Very quickly: the A Button shoots lasers dead ahead, the B Button uses a stronger weapon which is limited, Start pauses the game, and the Power Switch is a great way to turn the Game Boy off and minimize the risk of brain damage posed by playing X.

The soundtrack is perhaps the only saving grace in X; supposedly, it is the first soundtrack ever composed by Kazumi Totaka, the voice of Yoshi. No, seriously, he is. X garnered a lot of attention around 2006-2007 when the search for the elusive "Totaka's Song" was in full swing. A 19-note song first discovered in Mario Paint by literally everyone and then in other games. Luigi's Mansion, Legend of Zelda: Link's Awakening, Mario Kart 8... MARIO KART 8? Since when!? Holy crap, it's there all right. Jeez, this song gets around a bit. Oh, the discovery was in January of this year, so I don't feel too stupid for not knowing.

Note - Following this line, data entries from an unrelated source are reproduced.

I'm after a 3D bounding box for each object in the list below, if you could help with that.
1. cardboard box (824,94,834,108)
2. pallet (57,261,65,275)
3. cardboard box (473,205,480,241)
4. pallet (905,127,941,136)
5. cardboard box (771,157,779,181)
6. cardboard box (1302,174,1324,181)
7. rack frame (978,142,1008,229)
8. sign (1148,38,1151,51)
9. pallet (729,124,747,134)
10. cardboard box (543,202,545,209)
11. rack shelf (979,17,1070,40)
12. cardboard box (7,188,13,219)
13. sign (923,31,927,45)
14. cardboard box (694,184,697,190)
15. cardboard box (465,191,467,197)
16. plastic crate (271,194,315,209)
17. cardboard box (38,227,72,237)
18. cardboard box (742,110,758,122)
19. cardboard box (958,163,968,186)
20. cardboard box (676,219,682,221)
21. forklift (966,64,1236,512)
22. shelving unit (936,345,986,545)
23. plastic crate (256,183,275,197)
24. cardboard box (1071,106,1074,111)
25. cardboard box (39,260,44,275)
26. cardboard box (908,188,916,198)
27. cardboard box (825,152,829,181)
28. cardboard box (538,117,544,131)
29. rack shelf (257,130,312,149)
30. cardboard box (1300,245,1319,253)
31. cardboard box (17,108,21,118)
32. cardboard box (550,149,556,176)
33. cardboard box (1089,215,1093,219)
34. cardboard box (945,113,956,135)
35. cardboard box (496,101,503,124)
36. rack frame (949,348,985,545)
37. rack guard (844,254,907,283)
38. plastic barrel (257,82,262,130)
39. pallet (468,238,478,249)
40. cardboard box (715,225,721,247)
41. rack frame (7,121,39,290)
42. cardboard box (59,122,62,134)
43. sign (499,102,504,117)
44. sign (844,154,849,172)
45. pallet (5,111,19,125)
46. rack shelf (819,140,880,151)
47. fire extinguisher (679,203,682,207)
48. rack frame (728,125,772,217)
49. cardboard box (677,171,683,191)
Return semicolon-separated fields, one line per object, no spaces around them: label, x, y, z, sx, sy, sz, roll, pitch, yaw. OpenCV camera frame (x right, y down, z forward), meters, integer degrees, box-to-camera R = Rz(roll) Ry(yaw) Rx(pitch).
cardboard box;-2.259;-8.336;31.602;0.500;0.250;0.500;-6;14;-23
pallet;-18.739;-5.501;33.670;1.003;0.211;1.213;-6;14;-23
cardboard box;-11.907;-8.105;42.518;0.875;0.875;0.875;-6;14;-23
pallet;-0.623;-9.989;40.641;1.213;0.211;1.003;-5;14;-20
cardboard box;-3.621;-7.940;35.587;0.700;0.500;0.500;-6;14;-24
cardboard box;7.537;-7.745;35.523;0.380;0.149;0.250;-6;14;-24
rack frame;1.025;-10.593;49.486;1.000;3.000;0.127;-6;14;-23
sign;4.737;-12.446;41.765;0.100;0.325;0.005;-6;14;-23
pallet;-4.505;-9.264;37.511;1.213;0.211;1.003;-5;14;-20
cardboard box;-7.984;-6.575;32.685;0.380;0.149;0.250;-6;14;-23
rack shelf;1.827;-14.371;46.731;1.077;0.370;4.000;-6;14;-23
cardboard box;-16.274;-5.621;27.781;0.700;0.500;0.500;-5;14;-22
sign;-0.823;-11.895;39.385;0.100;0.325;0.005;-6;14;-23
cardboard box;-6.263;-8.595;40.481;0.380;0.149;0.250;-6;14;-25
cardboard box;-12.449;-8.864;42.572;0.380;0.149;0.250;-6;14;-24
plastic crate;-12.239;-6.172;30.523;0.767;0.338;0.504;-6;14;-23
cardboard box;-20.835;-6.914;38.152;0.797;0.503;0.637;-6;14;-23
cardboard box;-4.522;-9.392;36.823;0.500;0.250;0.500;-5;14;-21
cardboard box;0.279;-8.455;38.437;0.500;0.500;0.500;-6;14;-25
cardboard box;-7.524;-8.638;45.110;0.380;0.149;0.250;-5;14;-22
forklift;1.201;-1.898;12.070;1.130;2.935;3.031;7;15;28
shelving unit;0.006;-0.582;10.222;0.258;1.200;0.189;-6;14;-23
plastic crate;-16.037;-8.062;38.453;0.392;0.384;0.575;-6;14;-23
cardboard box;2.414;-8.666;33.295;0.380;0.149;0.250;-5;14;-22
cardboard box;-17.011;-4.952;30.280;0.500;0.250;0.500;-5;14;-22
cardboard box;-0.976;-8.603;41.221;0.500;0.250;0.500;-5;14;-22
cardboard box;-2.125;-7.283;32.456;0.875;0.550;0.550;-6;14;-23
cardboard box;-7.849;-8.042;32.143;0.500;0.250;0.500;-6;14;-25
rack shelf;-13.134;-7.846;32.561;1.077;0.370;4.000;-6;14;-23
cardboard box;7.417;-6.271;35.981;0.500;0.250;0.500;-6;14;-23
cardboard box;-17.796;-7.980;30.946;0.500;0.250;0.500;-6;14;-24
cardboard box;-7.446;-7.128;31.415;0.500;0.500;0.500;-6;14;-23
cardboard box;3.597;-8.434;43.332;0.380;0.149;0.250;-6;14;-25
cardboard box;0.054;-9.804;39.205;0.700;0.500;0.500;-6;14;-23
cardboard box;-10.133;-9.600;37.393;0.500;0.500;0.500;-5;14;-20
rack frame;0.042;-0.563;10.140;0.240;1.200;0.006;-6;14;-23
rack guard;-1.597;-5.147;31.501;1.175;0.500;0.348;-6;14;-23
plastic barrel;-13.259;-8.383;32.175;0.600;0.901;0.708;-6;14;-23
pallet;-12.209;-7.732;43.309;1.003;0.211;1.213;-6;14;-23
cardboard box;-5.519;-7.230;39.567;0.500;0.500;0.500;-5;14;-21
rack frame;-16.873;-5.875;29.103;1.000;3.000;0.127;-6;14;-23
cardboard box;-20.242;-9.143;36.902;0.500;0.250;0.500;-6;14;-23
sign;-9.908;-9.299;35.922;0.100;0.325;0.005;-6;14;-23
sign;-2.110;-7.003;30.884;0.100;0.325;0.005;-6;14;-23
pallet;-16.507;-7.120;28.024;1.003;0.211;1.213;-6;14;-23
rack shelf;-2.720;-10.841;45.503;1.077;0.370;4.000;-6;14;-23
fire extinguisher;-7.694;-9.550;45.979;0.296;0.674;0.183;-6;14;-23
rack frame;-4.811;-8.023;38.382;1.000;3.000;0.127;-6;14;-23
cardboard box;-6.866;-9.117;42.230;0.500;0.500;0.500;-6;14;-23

Three things I think X really could have benefited from... First of all, an English-language release. If I didn't have to poke and hope through the kanji, I think this game would be infinitely better. The game also needs to be somehow sped up; it's clear the Game Boy is having a very hard time rendering 3D, it makes me wonder, "why bother"? Some Game Boy Advance games are the same: they run far too slow. Perhaps shooting for more than the hardware could handle wasn't a good idea?

And lastly? A decent musical score. I know that the whole intention with X was for the soundtrack to be atmospheric and foreboding, but the game uses the same instrument set as the later released Link's Awakening and Kaeru no Tame ni Kane wa Naru... both games have excellent music, and the "Tunnel Scene" from X shot up in popularity thanks to its inclusion in Super Smash Bros. Brawl. Imagine how much more respect this soundtrack would deserve if it contained more of these catchy themes? I dunno.

Look, I bet there's probably quite a fine little game hidden somewhere in X, but I'm not going to look any harder for it. Let's just give this a meaningless number and be done with it.